I am trying to understand how to evaluate $\frac{1}{z^2}$ around $z_0 = 1$
so $$\frac{1}{z^2}=\left(\frac{1}{z}\right)^2=\sum_{n=0}^{\infty}(-1)^n(z-1)^n \cdot \sum_{m=0}^{\infty}(-1)^m(z-1)^m$$ $$=\sum_{n=0}^{\infty}\sum_{m=0}^{n}(-1)^n(z-1)^n$$
and the explanation in the book is the word "convolution." I don't understand how is it related to that step; I tried to examine to definition to convolution again, but still nothing came up to my mind.

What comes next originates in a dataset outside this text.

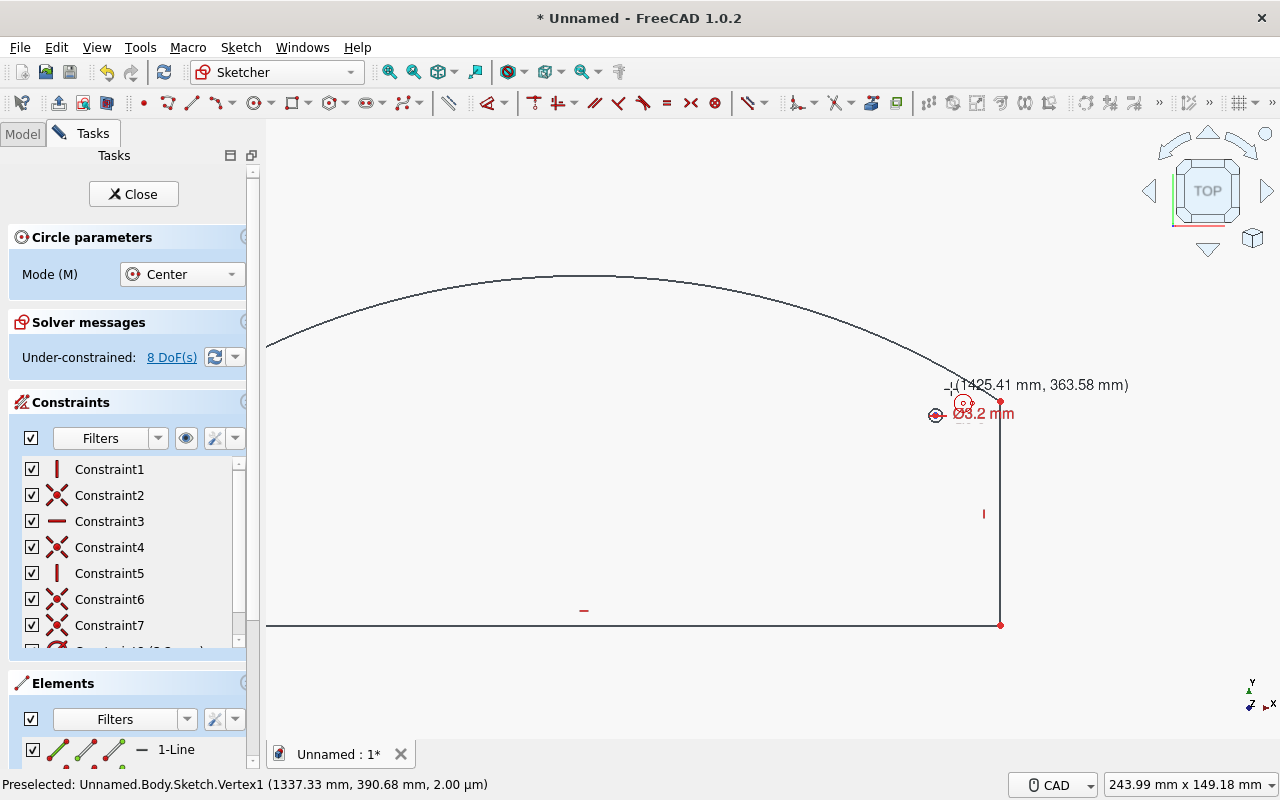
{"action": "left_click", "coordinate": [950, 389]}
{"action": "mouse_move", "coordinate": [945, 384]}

To simplify the notation let $x=(-1)(z-1)$; we want to show that
$$\left(\sum_{n\ge 0}x^n\right)\left(\sum_{m\ge 0}x^m\right)=\sum_{n\ge 0}\sum_{m=0}^nx^n\,.\tag{1}$$
If you multiply out the lefthand side as if it were a product of two polynomials, you get a term $x^n\cdot x^m=x^{n+m}$ for each pair $\langle n,m\rangle$ of non-negative integers. If $k$ is a non-negative integer, how many of these terms are equal to $x^k$? The terms equal to $x^k$ are precisely the terms $x^{n+m}$ such that $n+m=k$, and there is one for each value of $n$ from $0$ through $k$: these terms are $x^{0+k},x^{1+(k-1)},x^{2+(k-2)},\ldots,x^{(k-1)+1}$, and $x^{k+0}$. Thus,
$$\begin{align*} \left(\sum_{n\ge 0}x^n\right)\left(\sum_{m\ge 0}x^m\right)&=\sum_{k\ge 0}\sum_{n=0}^kx^{n+(k-n)}\\ &=\sum_{k\ge 0}\sum_{n=0}^kx^k\,. \end{align*}$$
And we can rename the index variables $k$ and $n$ to $n$ and $m$, respectively, without changing the value, so we have
$$\begin{align*} \left(\sum_{n\ge 0}x^n\right)\left(\sum_{m\ge 0}x^m\right)&=\sum_{k\ge 0}\sum_{n=0}^kx^k\\ &=\sum_{n\ge 0}\sum_{m=0}^nx^n\,. \end{align*}$$
Note that $\sum_{m=0}^nx^n$ is just the sum of $n+1$ copies of $x^n$, so in fact the whole thing can be further simplified to
$$\sum_{n\ge 0}(n+1)x^n\,.$$